Las mutaciones en el trabajo y la vida social causadas por la contrarrevolución neoliberal, que se ha ido afianzando en todo el mundo capitalista avanzado desde finales de la década de 1970, han tenido efectos devastadores sobre grandes sectores de la población, que han sido arrumbados y convertidos en prescindibles y desechables por una combinación de cambios tecnológicos y deslocalizaciones. Grandes sectores de la población, perdidos en un mundo de desempleo a largo plazo, deterioro de las infraestructuras sociales y pérdida de la solidaridad comunal, están profundamente alienados, entregados en gran medida a resentimientos pasivos salpicados por erupciones ocasionales de protestas violentas y aparentemente irracionales. Basta que las protestas volcánicas desde los suburbios suecos hasta Estambul y São Paulo confluyan para revelar el vasto magma de alienación que burbujea por debajo. El capital tendrá que afrontar entonces una crisis política que será casi imposible de gestionar sin represiones autocráticas draconianas que a su vez exacerbarán más que aliviarán el descontento. Los desarrollos geográficos desiguales en la división del trabajo y el incremento paralelo de la desigualdad social en las oportunidades de vida intensifican esa sensación de alienación, que si se hace activa en lugar de pasiva, planteará con seguridad una amenaza importante para la reproducción del capital tal como está actualmente constituido. La sociedad tendrá que afrontar entonces la dura alternativa entre una reforma imposible y una revolución improbable.

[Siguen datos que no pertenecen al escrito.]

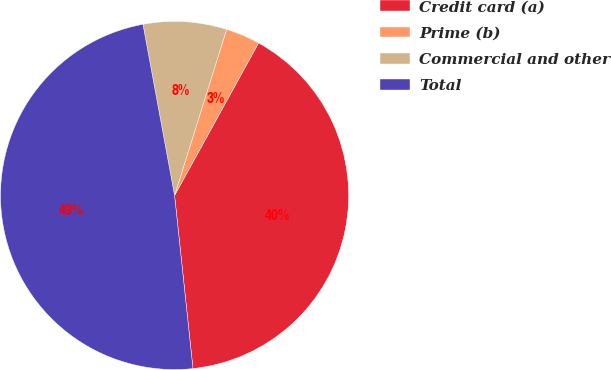Convert chart to OTSL. <chart><loc_0><loc_0><loc_500><loc_500><pie_chart><fcel>Credit card (a)<fcel>Prime (b)<fcel>Commercial and other<fcel>Total<nl><fcel>40.3%<fcel>3.18%<fcel>7.74%<fcel>48.78%<nl></chart> 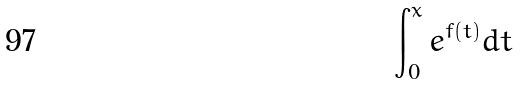Convert formula to latex. <formula><loc_0><loc_0><loc_500><loc_500>\int _ { 0 } ^ { x } e ^ { f ( t ) } d t</formula> 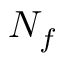<formula> <loc_0><loc_0><loc_500><loc_500>N _ { f }</formula> 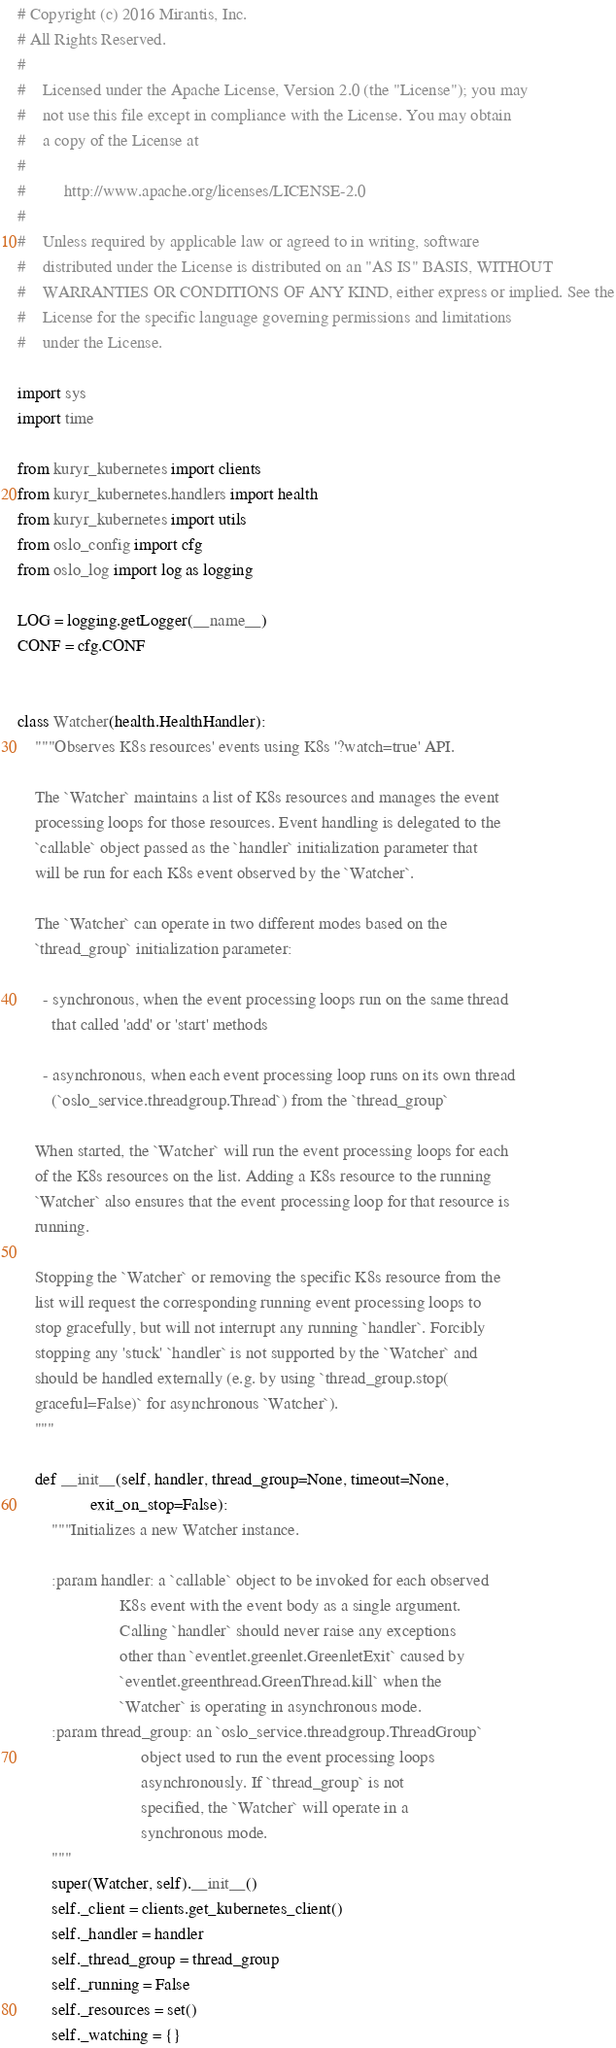<code> <loc_0><loc_0><loc_500><loc_500><_Python_># Copyright (c) 2016 Mirantis, Inc.
# All Rights Reserved.
#
#    Licensed under the Apache License, Version 2.0 (the "License"); you may
#    not use this file except in compliance with the License. You may obtain
#    a copy of the License at
#
#         http://www.apache.org/licenses/LICENSE-2.0
#
#    Unless required by applicable law or agreed to in writing, software
#    distributed under the License is distributed on an "AS IS" BASIS, WITHOUT
#    WARRANTIES OR CONDITIONS OF ANY KIND, either express or implied. See the
#    License for the specific language governing permissions and limitations
#    under the License.

import sys
import time

from kuryr_kubernetes import clients
from kuryr_kubernetes.handlers import health
from kuryr_kubernetes import utils
from oslo_config import cfg
from oslo_log import log as logging

LOG = logging.getLogger(__name__)
CONF = cfg.CONF


class Watcher(health.HealthHandler):
    """Observes K8s resources' events using K8s '?watch=true' API.

    The `Watcher` maintains a list of K8s resources and manages the event
    processing loops for those resources. Event handling is delegated to the
    `callable` object passed as the `handler` initialization parameter that
    will be run for each K8s event observed by the `Watcher`.

    The `Watcher` can operate in two different modes based on the
    `thread_group` initialization parameter:

      - synchronous, when the event processing loops run on the same thread
        that called 'add' or 'start' methods

      - asynchronous, when each event processing loop runs on its own thread
        (`oslo_service.threadgroup.Thread`) from the `thread_group`

    When started, the `Watcher` will run the event processing loops for each
    of the K8s resources on the list. Adding a K8s resource to the running
    `Watcher` also ensures that the event processing loop for that resource is
    running.

    Stopping the `Watcher` or removing the specific K8s resource from the
    list will request the corresponding running event processing loops to
    stop gracefully, but will not interrupt any running `handler`. Forcibly
    stopping any 'stuck' `handler` is not supported by the `Watcher` and
    should be handled externally (e.g. by using `thread_group.stop(
    graceful=False)` for asynchronous `Watcher`).
    """

    def __init__(self, handler, thread_group=None, timeout=None,
                 exit_on_stop=False):
        """Initializes a new Watcher instance.

        :param handler: a `callable` object to be invoked for each observed
                        K8s event with the event body as a single argument.
                        Calling `handler` should never raise any exceptions
                        other than `eventlet.greenlet.GreenletExit` caused by
                        `eventlet.greenthread.GreenThread.kill` when the
                        `Watcher` is operating in asynchronous mode.
        :param thread_group: an `oslo_service.threadgroup.ThreadGroup`
                             object used to run the event processing loops
                             asynchronously. If `thread_group` is not
                             specified, the `Watcher` will operate in a
                             synchronous mode.
        """
        super(Watcher, self).__init__()
        self._client = clients.get_kubernetes_client()
        self._handler = handler
        self._thread_group = thread_group
        self._running = False
        self._resources = set()
        self._watching = {}</code>

2 Timothy Mitchell, The Rule of Experts. Egypt, Techno-Politics, Modernity, Berkeley, University of California Press, 2002.
3 Robert Reich, The Work of Nations: Preparing Ourselves for 21st Century Capitalism, Nueva York, Vintage, 1992 [ed. cast.: Business class. El trabajo de las naciones, Madrid, J. Vergara, 1993].
4 Karl Marx, Capital, Volume 1, cit., p. 618 [ed. alemana.: Das Kapital, Band I, cit., p. 512; ed. cast.: El capital, I-II, cit., p. 230].